I jogged toward the netting, and only once I reached it did I flip around so I faced my quarry again. He was pretty fast for such a big dude and was already just fifteen feet away.
“Get ready!” I urged.
“I’m on it,” came the reply from above in Dave’s most tense voice. He was not happy about this and I knew it.
But it didn’t matter, at least not for now. As I waited for the zombie, barely inching back to entice him with little shuffles, the big lug stepped onto the net.
“Now!” I screamed.
Up above I heard Dave doing something, but the net didn’t budge. It didn’t move even as the goliath of a zombie strode toward me like fucking Godzilla to my helpless Japanese city.
“Any time, dear,” I cried, my wide eyes glued on the monstrosity reaching for me straight out of some 1930s horror movie.
“I triggered it and—”
Dave hadn’t finished the sentence when the big infected creature stepped off of the net. The moment he was clear, the pulley system whizzed into life and lifted up to catch nothing but air. It kind of reminded me of those arcade claw machine things with the cheap stuffed animals I’d tried to win as a kid. Only I didn’t die when I didn’t get one.
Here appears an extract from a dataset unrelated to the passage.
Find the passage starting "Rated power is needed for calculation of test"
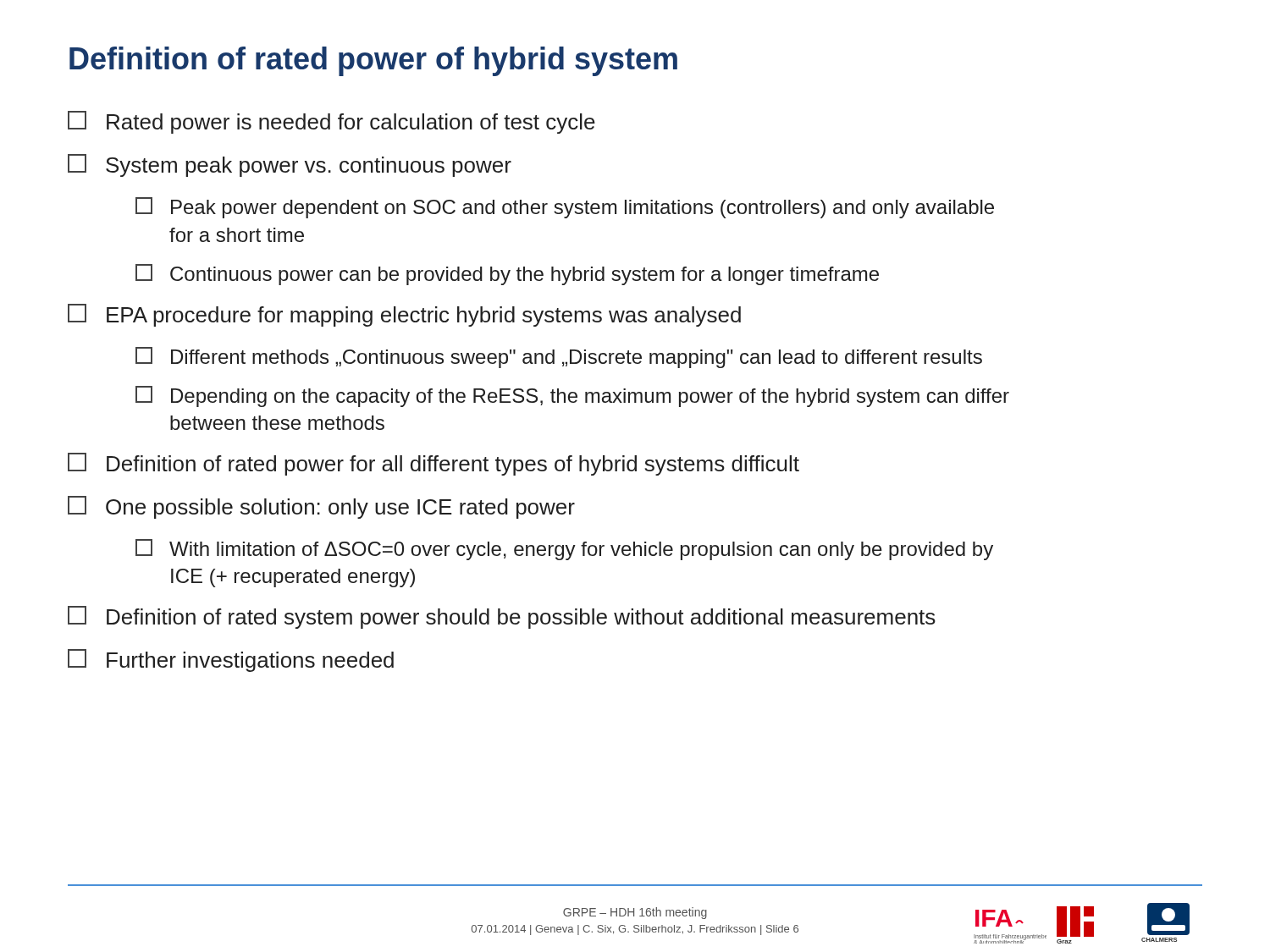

“Shit, there’s a delay in the mechanism,” he called down.
“You think?” I called back as I started to run again. “Reset and I’ll try to bring him around for a second pass.”
I jerked from one side to the other as I tried to determine the best way to go. I was pretty sure I could get the big brainless monster to follow me, then all I had to do was make a big circle in the parking lot until Dave was reset and we’d try another—
Before I could finish the thought there was a wet thunk and suddenly the blade of a machete stuck out of the zombie’s head right between his eyes.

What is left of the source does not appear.